Taylor DeThorne walked near the water’s edge at Central Park. A group of kids were splashing too vigorously.
“Boys! Hands to yourself,” DeThorne admonished. “Keep your hands to yourself.”
It was 1 p.m. on Tuesday. DeThorne, head lifeguard at Schenectady’s football field-sized pool, had nine people on her watch. Gray skies and mild temperatures — the city’s summer oven was only 76 degrees — had persuaded some aquanauts to stay home.
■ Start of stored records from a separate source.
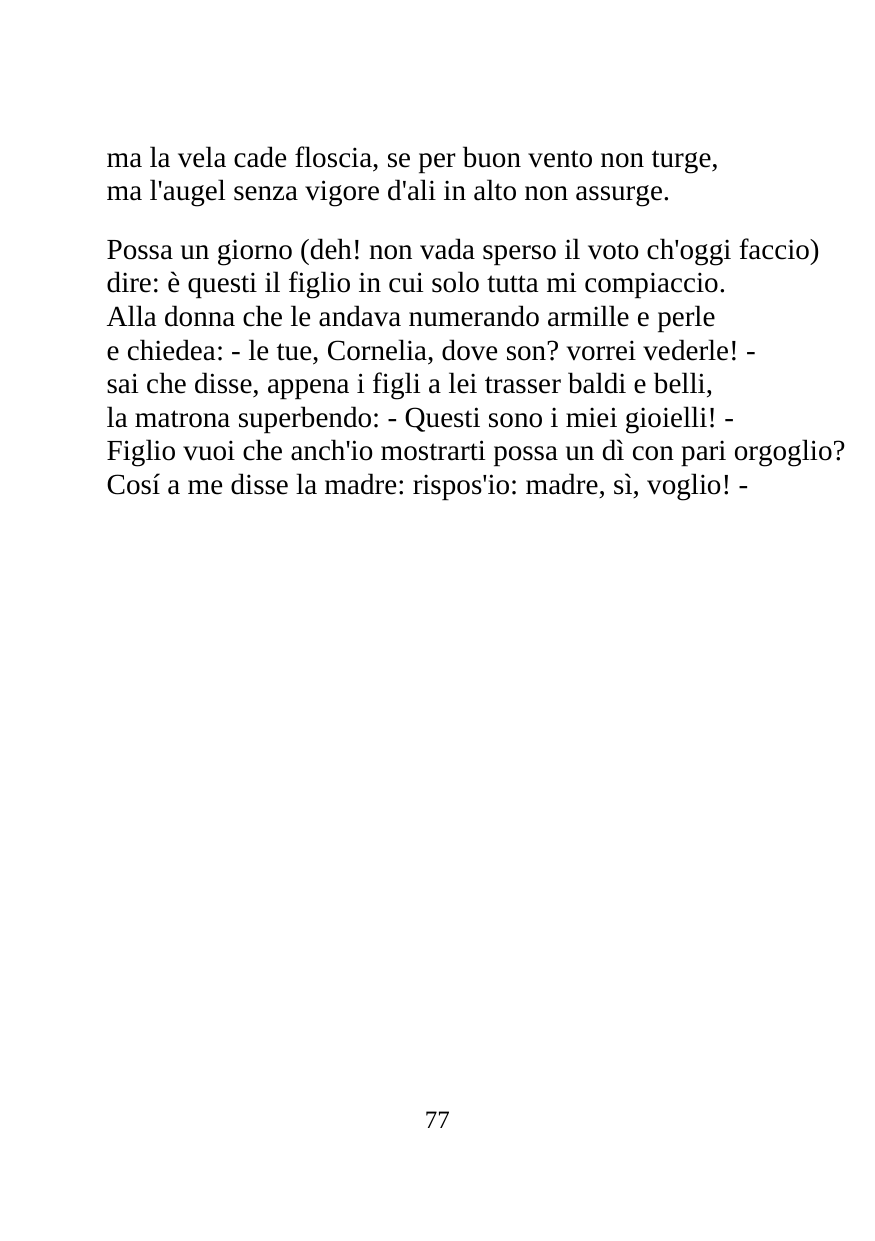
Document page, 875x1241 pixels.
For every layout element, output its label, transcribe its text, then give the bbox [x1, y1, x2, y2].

text ma la vela cade floscia, se per buon vento non turge, ma l'augel senza vigore d'ali in alto non assurge. [106, 140, 850, 207]
text Possa un giorno (deh! non vada sperso il voto ch'oggi faccio) dire: è questi il figlio in cui solo tutta mi compiaccio. Alla donna che le andava numerando armille e perle e chiedea: - le tue, Cornelia, dove son? vorrei vederle! - sai che disse, appena i figli a lei trasser baldi e belli, la matrona superbendo: - Questi sono i miei gioielli! - Figlio vuoi che anch'io mostrarti possa un dì con pari orgoglio? Cosí a me disse la madre: rispos'io: madre, sì, voglio! - [106, 232, 850, 500]
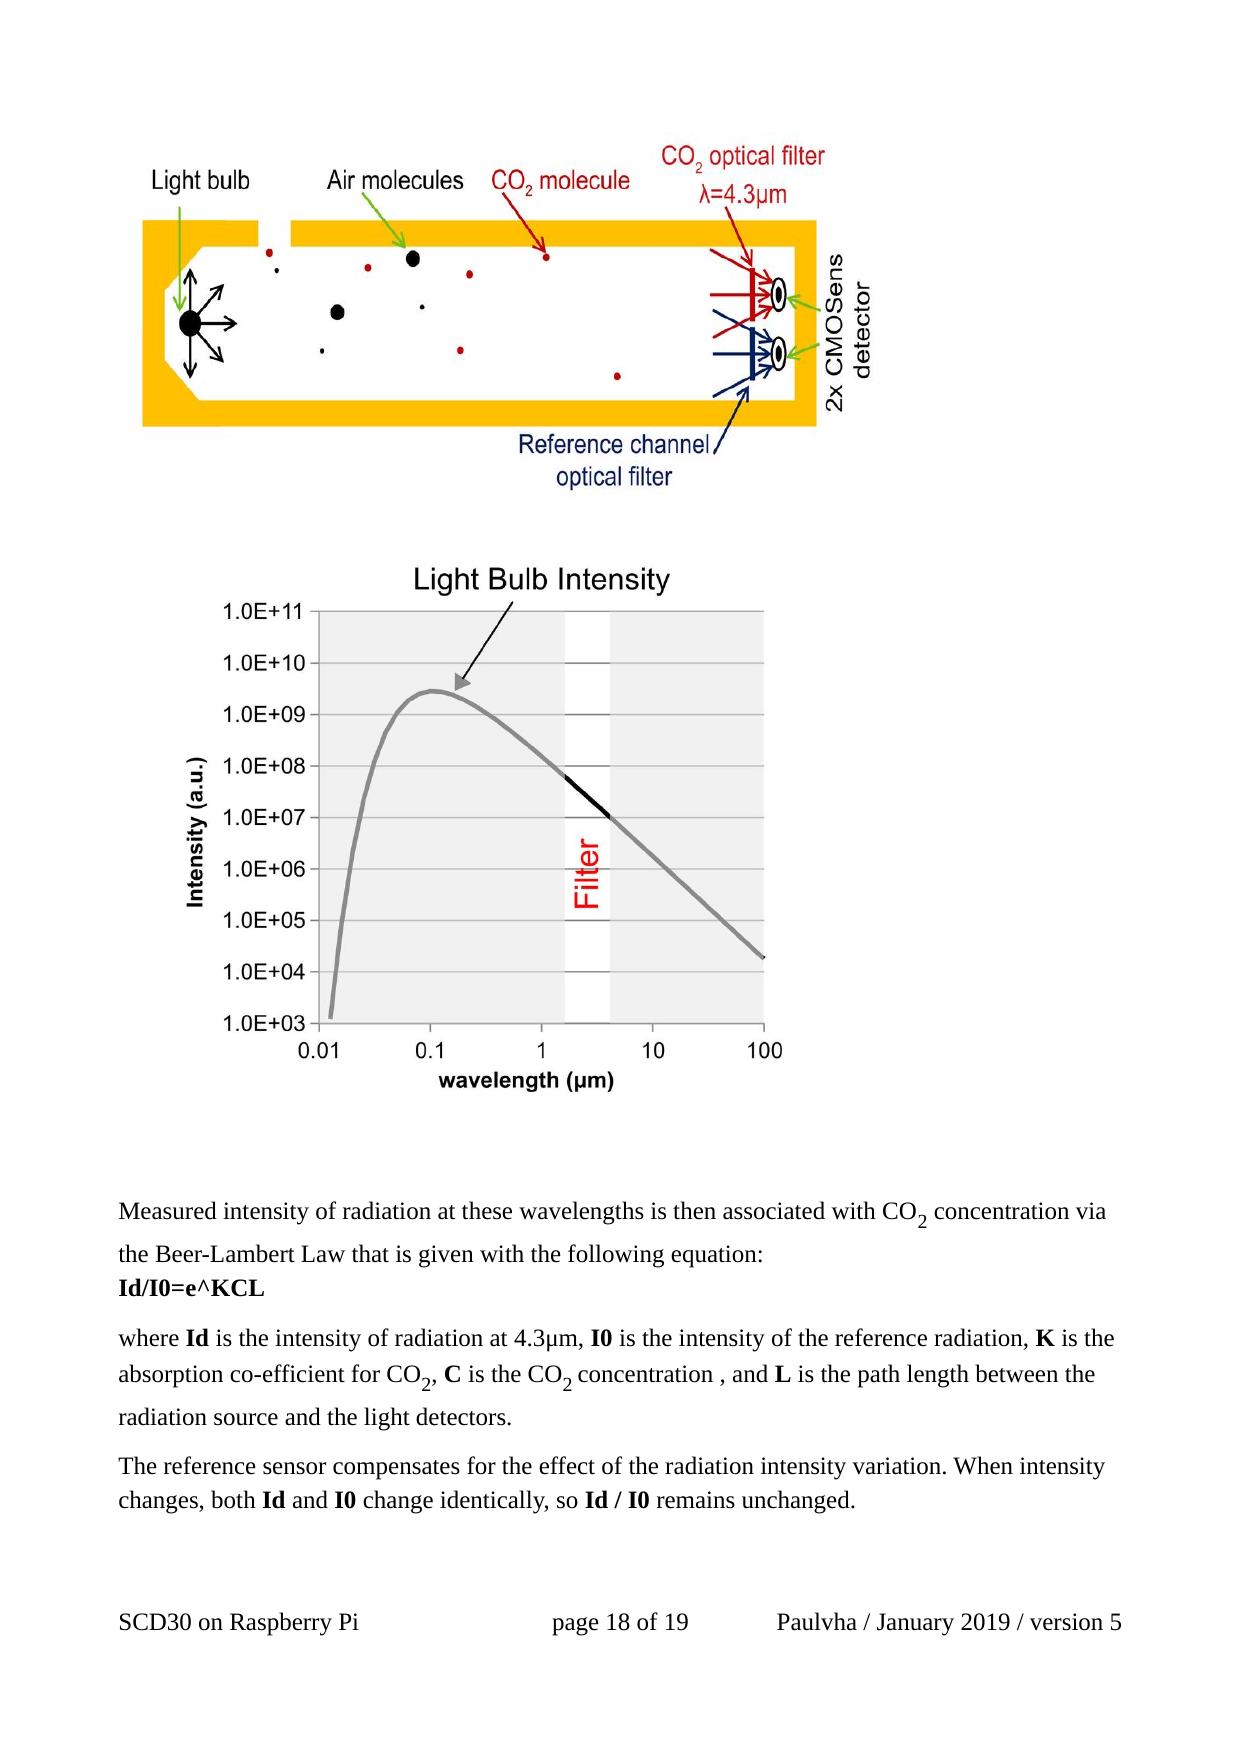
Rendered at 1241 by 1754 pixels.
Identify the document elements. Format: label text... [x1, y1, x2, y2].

DeThorne, 20, who graduated from Schenectady High School in 2009 and will be a junior this fall at the University at Albany, has been watching people swim at Central Park for the past five summers. Nine people in the water is a small crowd. On some days, when it’s 90 degrees in the Capital Region, there might be a hundred people or more in the 900,000 gallons of cool blue.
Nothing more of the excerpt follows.